** WHAT NEEDS TO BE DONE **
Each line of the records below needs repeating exactly. Skip the pictures.
- - -
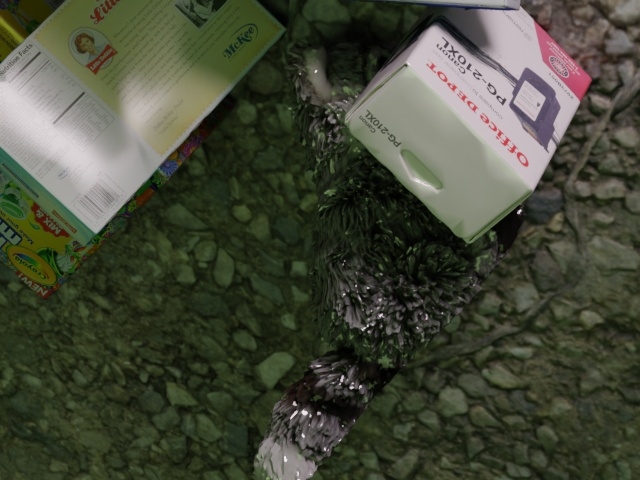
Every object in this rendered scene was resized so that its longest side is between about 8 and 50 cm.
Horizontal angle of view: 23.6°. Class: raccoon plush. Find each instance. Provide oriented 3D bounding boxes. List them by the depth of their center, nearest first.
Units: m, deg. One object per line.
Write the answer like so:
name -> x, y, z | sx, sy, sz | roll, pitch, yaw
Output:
raccoon plush -> 0.000, 0.000, 1.566 | 0.299, 0.446, 0.216 | 40, 162, -3

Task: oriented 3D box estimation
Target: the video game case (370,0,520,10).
video game case -> 0.064, -0.346, 1.433 | 0.269, 0.061, 0.244 | 7, 97, 21

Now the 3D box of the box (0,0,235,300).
box -> -0.309, -0.139, 1.739 | 0.290, 0.177, 0.279 | 43, 130, -7

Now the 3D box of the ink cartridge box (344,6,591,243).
ink cartridge box -> 0.148, -0.137, 1.484 | 0.172, 0.237, 0.100 | 44, 129, -8

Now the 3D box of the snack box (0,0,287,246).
snack box -> -0.203, -0.172, 1.579 | 0.187, 0.322, 0.060 | 44, 155, -7
- - -
** RESULT FOR THIS EXERCISE **
Every object in this rendered scene was resized so that its longest side is between about 8 and 50 cm.
Horizontal angle of view: 23.6°. Class: raccoon plush. Find each instance. Provide oriented 3D bounding boxes. List them by the depth of their center, nearest first.
Units: m, deg. One object per line.
Write the answer like so:
name -> x, y, z | sx, sy, sz | roll, pitch, yaw
Output:
raccoon plush -> 0.000, 0.000, 1.566 | 0.299, 0.446, 0.216 | 40, 162, -3

Task: oriented 3D box estimation
Target: the video game case (370,0,520,10).
video game case -> 0.064, -0.346, 1.433 | 0.269, 0.061, 0.244 | 7, 97, 21

Now the 3D box of the box (0,0,235,300).
box -> -0.309, -0.139, 1.739 | 0.290, 0.177, 0.279 | 43, 130, -7

Now the 3D box of the ink cartridge box (344,6,591,243).
ink cartridge box -> 0.148, -0.137, 1.484 | 0.172, 0.237, 0.100 | 44, 129, -8

Now the 3D box of the snack box (0,0,287,246).
snack box -> -0.203, -0.172, 1.579 | 0.187, 0.322, 0.060 | 44, 155, -7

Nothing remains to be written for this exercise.